Excel is still going to be a really good way to share it because it's where people know how to work. Far and away the most common data tool. There are hundreds of millions, perhaps billions, of copies of Excel floating in the world. Now big data and data science have an interesting connection with Excel.
For one thing, Excel, entirely on its own, just the application, is able to do real data science. The best presentation of this is in the book Data Smart: Using Data Science to Transform Information into Insight by John W. Foreman. And he goes all the way through the really advanced capabilities of Excel that make it possible to explore and manipulate data in ways that you probably never thought were possible. But more interestingly using what are called open database connectivity interfaces or ODBC interfaces, you can hook Excel directly to Hadoop and do queries and analyses from the Excel interface.
Let me just go to Excel for a moment. If you come over here to data and bring up that menu, and then go to from other sources, you'll see that our very first thing is from a SQL Server, which is a relational database and a lot of information is going to be there, but you can go down to the Windows Azure Marketplace, so that's going to connect you up with Hadoop and these, the data connectivity wizard and the queries and the Odata, these are methods for connecting to big data. And now Microsoft has their own solutions and other vendors have other ways of hooking up Excel into big data and to Hadoop to make it possible to control the analysis, or at least do the queries and the sortings, right here from the single most familiar interface for working with data.

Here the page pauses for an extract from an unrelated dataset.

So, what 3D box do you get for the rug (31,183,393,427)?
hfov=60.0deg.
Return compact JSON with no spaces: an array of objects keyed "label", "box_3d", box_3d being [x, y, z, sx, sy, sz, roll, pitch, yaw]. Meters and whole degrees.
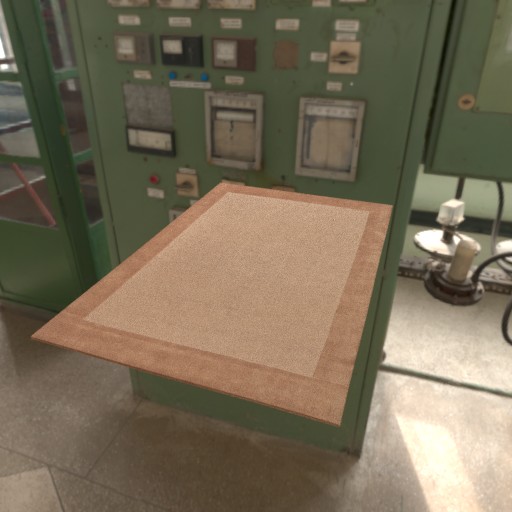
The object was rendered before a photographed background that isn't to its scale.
[{"label":"rug","box_3d":[0.000,0.000,2.300,1.219,0.014,1.829,10,31,17]}]

Finally, I want to mention that Excel is also a great way for sharing the results of the analysis.You can make interactive PivotTables, a great way for exploring the complexities of the data and people know how to work these, and sortable worksheets and the graphics and charts are familiar, they communicate, they're clear, it's a great way to go. In fact, I would say that putting the final results into Excel, which provides a degree of exploration and manipulation to your viewers, is probably the most democratic way of sharing the results of a big data analysis.
And again, the point of any analysis is to provide insight that people can work on, that is actionable, that they can use to improve their own businesses and their own projects.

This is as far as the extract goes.